# Shoulder Horn



## Snake (Sep 30, 2014)

Won £800 on today's UK Open darts, always win bets on this each year, so bought a shoulder horn and another 4 x 20kg plates.

Today was a good day.

Am bladdered but don't think I'll regret these purchases tomorrow ?? :thumb:

Anyone else have one?


----------



## gearchange (Mar 19, 2010)

You can't go wrong with the 20 plates mate


----------



## SK50 (Apr 7, 2013)

Had to google it. Looks good for helping keep up compliance with RC prehab. Not sure if I'd use it though.


----------



## Snake (Sep 30, 2014)

gearchange said:


> You can't go wrong with the 20 plates mate


Agree, somehow ended up with loads of tens and only two twenty plates lol



SK50 said:


> Had to google it. Looks good for helping keep up compliance with RC prehab. Not sure if I'd use it though.


Yeah, hoping to use it three times a week, gradually increasing the weight, had a bad shoulder in the past and don't want it coming back, looks easy to use and supposedly puts you in the right position for rotator cuff work.

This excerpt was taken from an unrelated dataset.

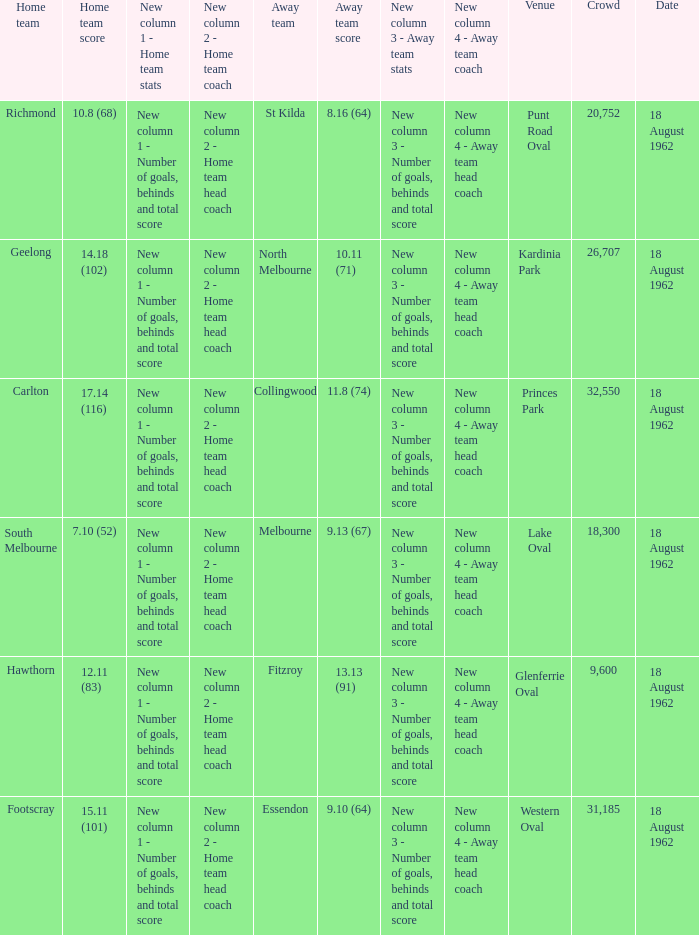What was the domestic team when the opponent team scored Footscray. 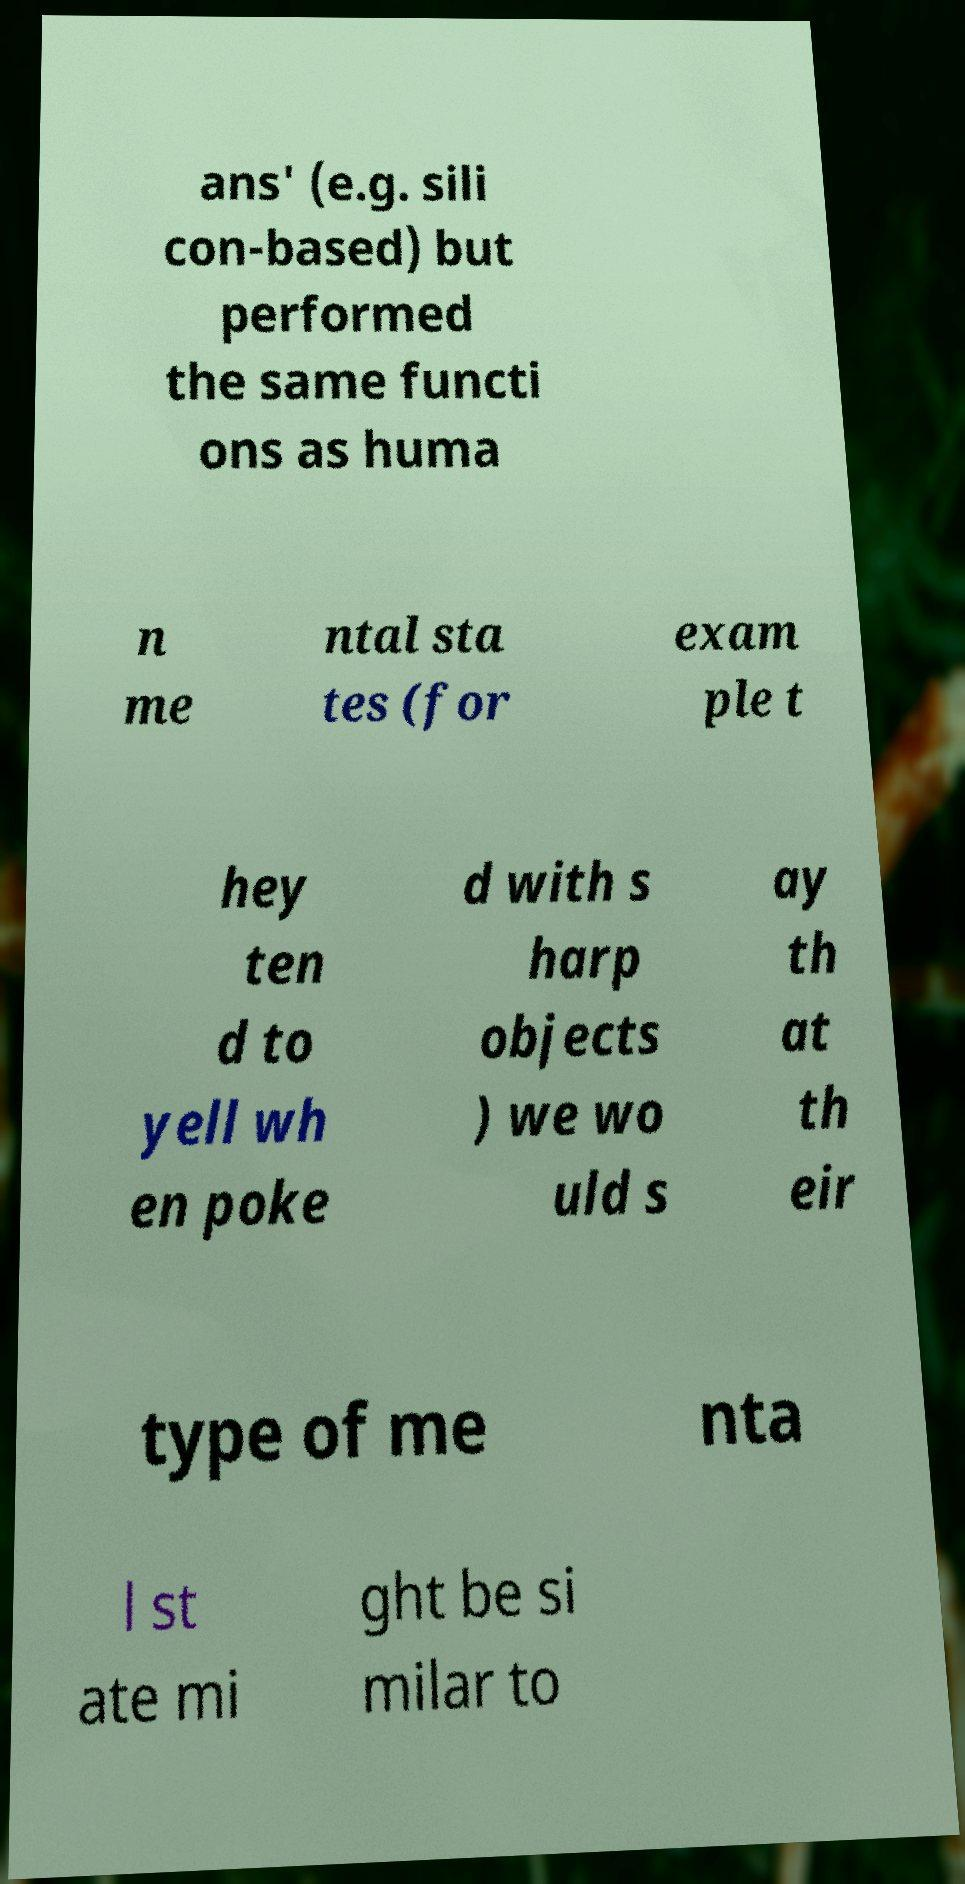Can you accurately transcribe the text from the provided image for me? ans' (e.g. sili con-based) but performed the same functi ons as huma n me ntal sta tes (for exam ple t hey ten d to yell wh en poke d with s harp objects ) we wo uld s ay th at th eir type of me nta l st ate mi ght be si milar to

Will do a little review when it gets here and I've used it for a few weeks.


----------



## Pointer21 (Feb 21, 2015)

What is the new MGS like?


----------



## Snake (Sep 30, 2014)

Pointer21 said:


> What is the new MGS like?


You'll have to wait until September to find out 

But I'll give you a clue of what happens; I win.


----------